Answer: Ensuring compliance during local regulatory submissions is paramount. I have a systematic approach to this, where I thoroughly research and understand the local regulatory guidelines and requirements for each submission. I meticulously cross-reference these with our corporate standards to create a submission plan that adheres to both sets of guidelines. Additionally, I maintain open communication channels with cross-functional teams to ensure that everyone is aware of the compliance expectations and that the submission plan aligns with the overarching strategy.
Question 3: Can you share an example of a situation where you had to handle challenges related to local labels and ensure compliance with local legislation and corporate standards?

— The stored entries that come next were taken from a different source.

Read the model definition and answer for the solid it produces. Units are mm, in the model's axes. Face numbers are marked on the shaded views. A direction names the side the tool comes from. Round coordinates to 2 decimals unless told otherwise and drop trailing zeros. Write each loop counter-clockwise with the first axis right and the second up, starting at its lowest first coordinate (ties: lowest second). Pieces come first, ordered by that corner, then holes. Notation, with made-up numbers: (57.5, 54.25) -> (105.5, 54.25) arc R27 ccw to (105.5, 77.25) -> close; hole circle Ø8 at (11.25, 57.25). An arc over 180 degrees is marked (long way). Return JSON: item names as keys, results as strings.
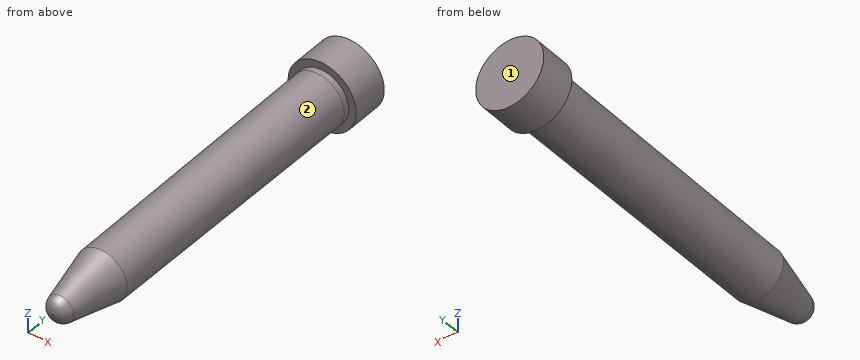
from build123d import *


# Read off the part's stored shape, not the designer's step: Shell1
with BuildPart() as part:
    # Sketch1 → Revolve1 (revolve)
    with BuildSketch(Plane.XY, mode=Mode.PRIVATE) as revolve1_sk:
        with BuildLine():
            Line((10.5, 0), (0, 0))
            Line((0, 0), (0, -117.925892815))
            Line((0, -117.925892815), (0.309007936, -117.925892815))
            ThreePointArc((0.309007936, -117.925892815), (2.721933774, -117.081420898), (4.081671516, -114.916598228))
            Line((4.081671516, -114.916598228), (7.825, -98.498944324))
            Line((7.825, -98.498944324), (8.25, -12.95))
            Line((8.25, -12.95), (8.25, -11.15))
            Line((8.25, -11.15), (10.5, -11.15))
            Line((10.5, -11.15), (10.5, 0))
        make_face()
    revolve(revolve1_sk.sketch.rotate(Axis((0, 0, 0), (0, -1, 0)), 180), axis=Axis((0, 0, 0), (0, -1, 0)))

    # Shell1 outline → Shell1 (revolve, cut)
    with BuildSketch(Plane.XY):
        with BuildLine():
            Line((0, -1), (0, -116.925892815))
            Line((0, -116.925892815), (0.309007936, -116.925892815))
            ThreePointArc((0.309007936, -116.925892815), (2.098355846, -116.299659701), (3.106693462, -114.694297092))
            Line((3.106693462, -114.694297092), (6.825559023, -98.383933749))
            Line((6.825559023, -98.383933749), (7.25, -12.947516057))
            Line((7.25, -12.947516057), (7.25, -10.15))
            Line((7.25, -10.15), (9.5, -10.15))
            Line((9.5, -10.15), (9.5, -1))
            Line((9.5, -1), (0, -1))
        make_face()
    revolve(axis=Axis((0, 0, 0), (0, 1, 0)), mode=Mode.SUBTRACT)


solid = part.part
Item 1: Straight lines are drawn through the part: L1, parallel to Z at x = 0, y = -11; L2, parallel to Z at x = 0, y = -6.5; L3, parallel to Y at x = 4.75, z = 8. For each, find the intervals that lie inside material, in ascending order. Write a range as [from, to].
Worked answers:
{"L1": "z = [-10.5, -7.25], [7.25, 10.5]", "L2": "z = [-10.5, -9.5], [9.5, 10.5]", "L3": "y = [-11.15, -10.15], [-1, 0]"}
Item 2: Section B-B (y = -74.5) is taken. Give the vertices of the cut face in (x, z), then the cut area to 3 significant figures.
Worked answers:
{"outline": "circle Ø15.89 at (0, 0); hole circle Ø13.89 at (0, 0)", "area": "46.8 mm2"}
Item 3: A tool of negligible diameter and unlimited length cuts with its end or side. For the marked faces 1 and 2, from which of +Z, -Z, +X, -X, +Y, -Y can it reach the whole face along a straight path? Write none if from no direction.
Worked answers:
{"face 1": "+Z, -Z, +X, -X, +Y", "face 2": "-Y"}
Item 4: Section A-A (y = -89) is taken. Give the vertices of the cut face in (x, z).
Worked answers:
{"outline": "circle Ø15.74 at (0, 0); hole circle Ø13.74 at (0, 0)"}
Item 5: Flat-ended cylindrical pins translate along their axes: pin 1 (4 mm diameter, centred on x = -2, z = 1.5, fed in from -Y); pin 2 (5 mm diameter, centred on y = -43, z = 1.5, fed in from +X); pin 3 (5 mm diameter, centred on y = -61, z = -1, fed in from +X). Find the tip coordinate at first contact, or state that the pin passes through.
Worked answers:
{"pin 1": "stops at y = -117.92", "pin 2": "stops at x = 8.11", "pin 3": "stops at x = 8.02"}

Answer: Certainly. In a previous role, I was responsible for a product’s local labels. I encountered a situation where a local regulatory change required modifications to the product label. To handle this, I closely collaborated with legal, regulatory, and labeling teams to ensure that the label changes not only complied with the local legislation but also aligned with our global corporate standards. This involved careful review, coordination, and approval processes to guarantee that the updated label maintained regulatory compliance while reflecting our company’s consistent messaging and branding.
Question 4: How do you stay updated with the evolving regulatory landscape in India, especially concerning new product registration, lifecycle management, and clinical trials?
Answer: Staying updated with regulatory changes is a priority for me. I continuously monitor regulatory authority updates, attend relevant industry conferences, and participate in workshops to enhance my understanding of the evolving Indian regulatory landscape. Specifically, I am well-versed in SUGAM portal handling, which is pivotal for successful interactions with regulatory agencies. This proactive approach enables me to adapt regulatory strategies to align with changes and efficiently manage product registrations, lifecycle activities, and clinical trials.
Question 5: Could you elaborate on your experience in serving as a point of contact with regulatory agencies?
Answer: Certainly. Serving as a point of contact with regulatory agencies requires clear communication and effective relationship management. Throughout my career, I’ve successfully fulfilled this role by fostering transparent and collaborative interactions with regulatory authorities. I’ve represented my organizations in regulatory discussions, meetings, and submissions. By maintaining open lines of communication and understanding the regulatory landscape, I’ve been able to address queries, provide necessary information, and ensure that our submissions align with agency expectations, ultimately facilitating smoother regulatory processes.